Mrs. Johnson has her hands full today, and provides much of what she says in a 65-page document she indicates is a fulsome compilation of handouts. “Maximize your Marriage” puts us into some cheesy situations. These skits and tests make the point that perceptions of an object differ and that their reports vary greatly.

The program is distinctly secular on account of First Things First’s having received funding from the U.S. government under the Champions for Children Initiative, which imposes curriculum requirements on Mrs. Johnson. Among the duties required by Uncle: Tell us about finances’ role in marital discord, and amplify on an outlier concept — that of abusive relationships (beatings by the husband).

Clergypersons are a remarkable source of abuse, sexual and emotional, Mrs. Johnson says. But she doubles back: Ministers of the gospel serve God and have care of souls. “I am not going to go out of my bounds with what I can do federally,” Mrs. Johnson says. She doesn’t want to say too much about the gospel, out of fear.

Aware of the behavioristic tack of much of her material (adult “time out”), Mrs. Johnson is very open to a Christian-oriented suggestion from a member of the audience. That is a recommendation for the book of Dr. Emerson Eggerichs, Love and Respect[;] the Love She Most Desires, the Respect He Desperately Needs. Mrs. Johnson is glad to hear my comment about the book, and writes name and title on the marker board.

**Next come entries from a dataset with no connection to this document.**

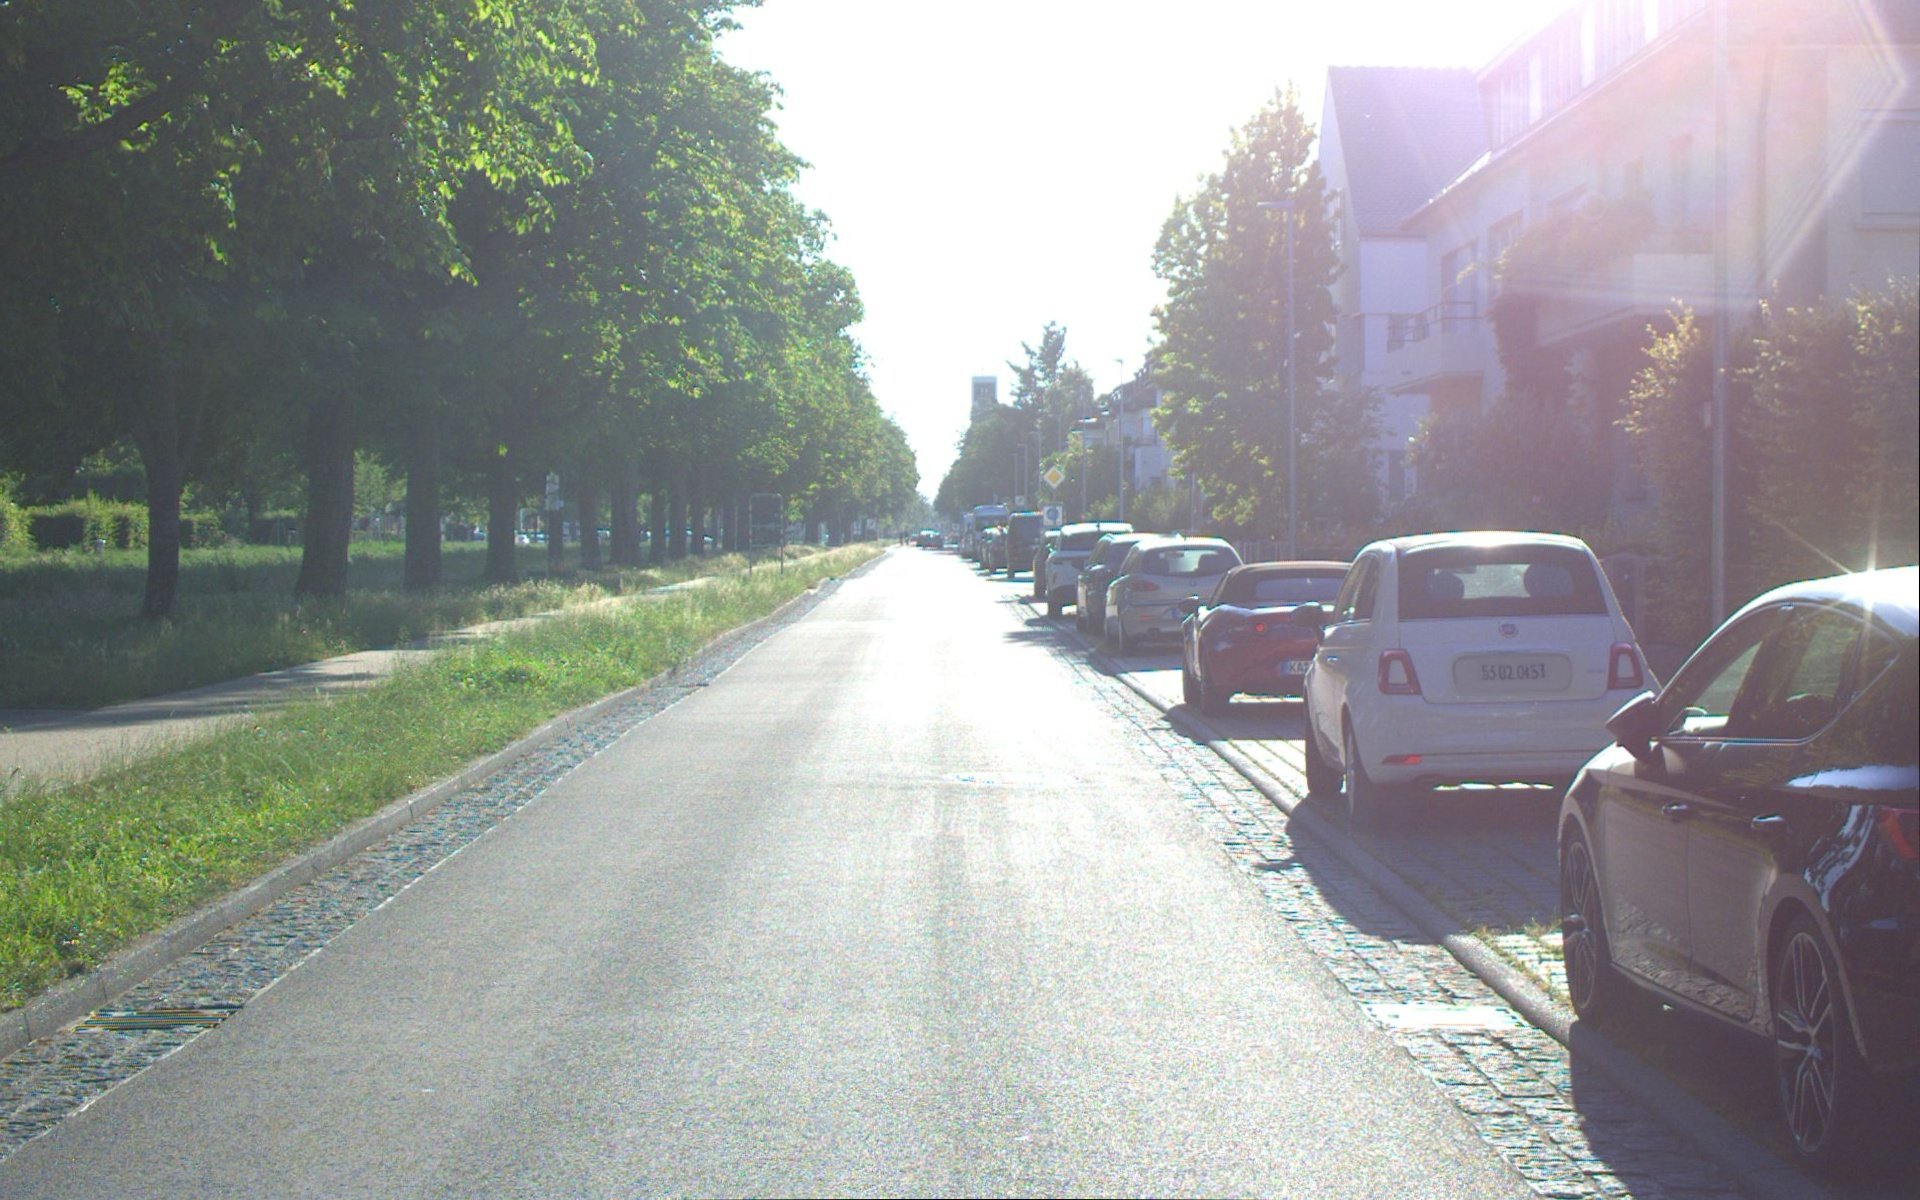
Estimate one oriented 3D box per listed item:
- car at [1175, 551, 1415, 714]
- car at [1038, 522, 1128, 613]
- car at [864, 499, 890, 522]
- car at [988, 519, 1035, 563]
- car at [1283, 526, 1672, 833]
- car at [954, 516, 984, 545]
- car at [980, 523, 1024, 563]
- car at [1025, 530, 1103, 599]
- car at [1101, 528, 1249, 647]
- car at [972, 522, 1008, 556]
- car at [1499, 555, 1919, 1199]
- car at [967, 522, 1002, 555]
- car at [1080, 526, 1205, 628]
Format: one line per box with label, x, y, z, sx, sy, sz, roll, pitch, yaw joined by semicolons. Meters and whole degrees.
car;2.740;0.230;28.751;1.693;1.244;3.497;0;1;1
car;2.162;-0.601;60.918;1.498;1.561;3.267;0;1;1
car;-5.634;-6.049;232.875;1.652;1.536;3.267;1;1;0
car;1.840;-2.116;122.918;1.652;1.536;3.267;1;1;1
car;2.725;0.356;18.788;1.592;1.504;3.592;0;1;0
car;0.487;-3.884;191.937;1.652;1.536;3.267;1;1;0
car;1.651;-2.239;135.141;1.652;1.536;3.267;1;1;1
car;2.217;-0.773;73.959;1.594;1.429;3.267;0;1;1
car;2.611;-0.183;42.328;1.652;1.391;3.267;0;1;1
car;1.437;-2.872;161.701;1.652;1.536;3.267;1;1;1
car;2.753;0.616;9.451;1.736;1.444;4.197;-2;1;-2
car;1.214;-2.993;167.052;1.652;1.536;3.267;1;1;1
car;2.593;-0.354;49.412;1.652;1.391;3.267;0;1;1
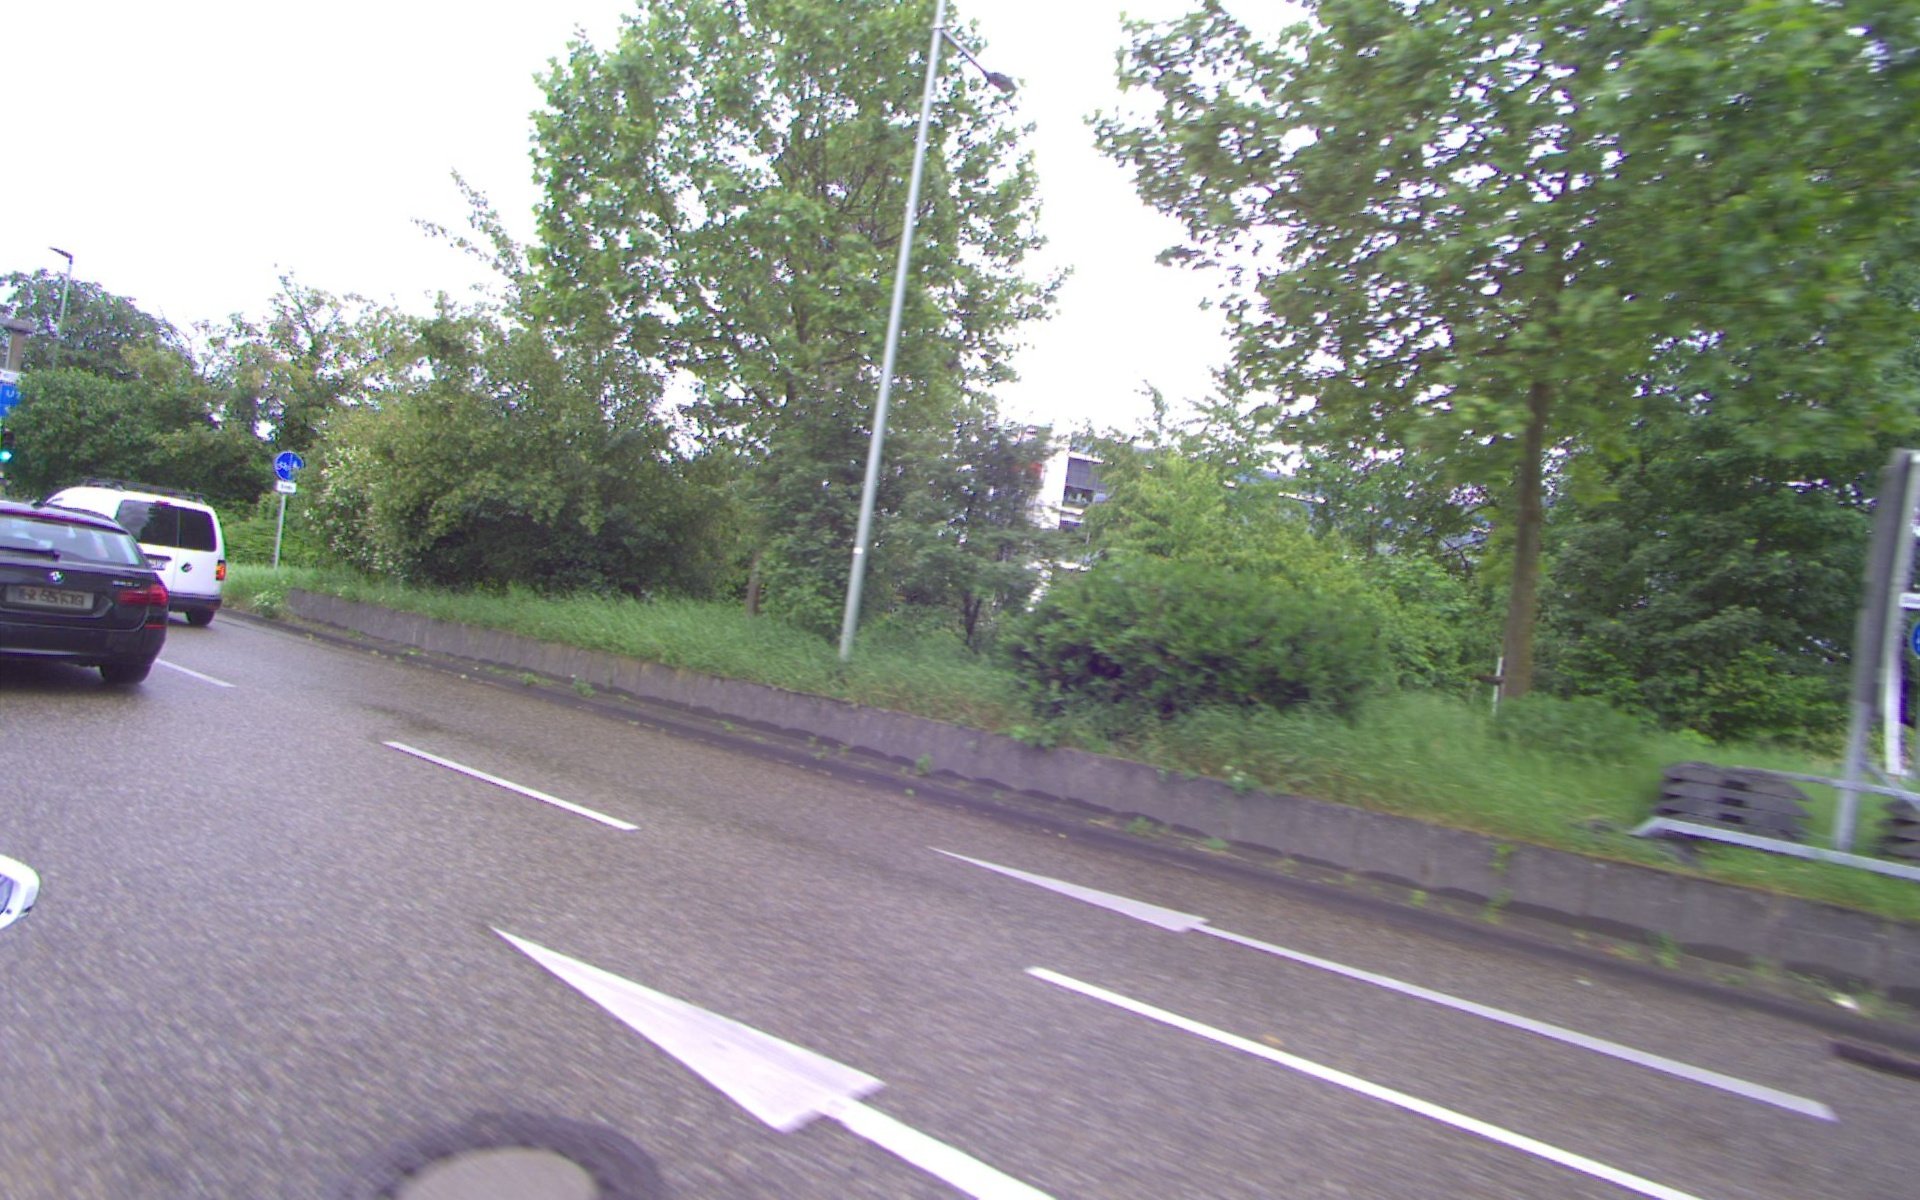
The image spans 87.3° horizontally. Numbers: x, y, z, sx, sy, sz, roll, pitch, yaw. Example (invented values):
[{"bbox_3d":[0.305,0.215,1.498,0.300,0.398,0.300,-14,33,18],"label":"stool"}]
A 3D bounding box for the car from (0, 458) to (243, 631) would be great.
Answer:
[{"bbox_3d":[-12.588,-0.845,14.877,3.741,1.900,1.768,10,0,32],"label":"car"}]

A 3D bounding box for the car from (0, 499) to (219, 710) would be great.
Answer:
[{"bbox_3d":[-8.448,-0.149,8.710,3.936,1.456,1.904,7,-4,34],"label":"car"}]

‡ This distinction is from Mark Jones, who discusses entrepreneurship and starting a business on the Nooganomics.com talk show.

‡‡ One of the best treatments of this point is C..S. Lewis’ book The Four Loves. A more recent treatment is Tim Keller’s The Meaning of Marriage[;] Facing the Complexities of Commitment with the Wisdom of God, which we have mentioned elsewhere at Nooganomics.com. A good treatment of the faulty premises of modern psychology is William Kirk Kilpatrick, Psychological Seduction[;] The Failure of Modern Psychology (Nashville: Thomas Nelson, 1983),  239 pp.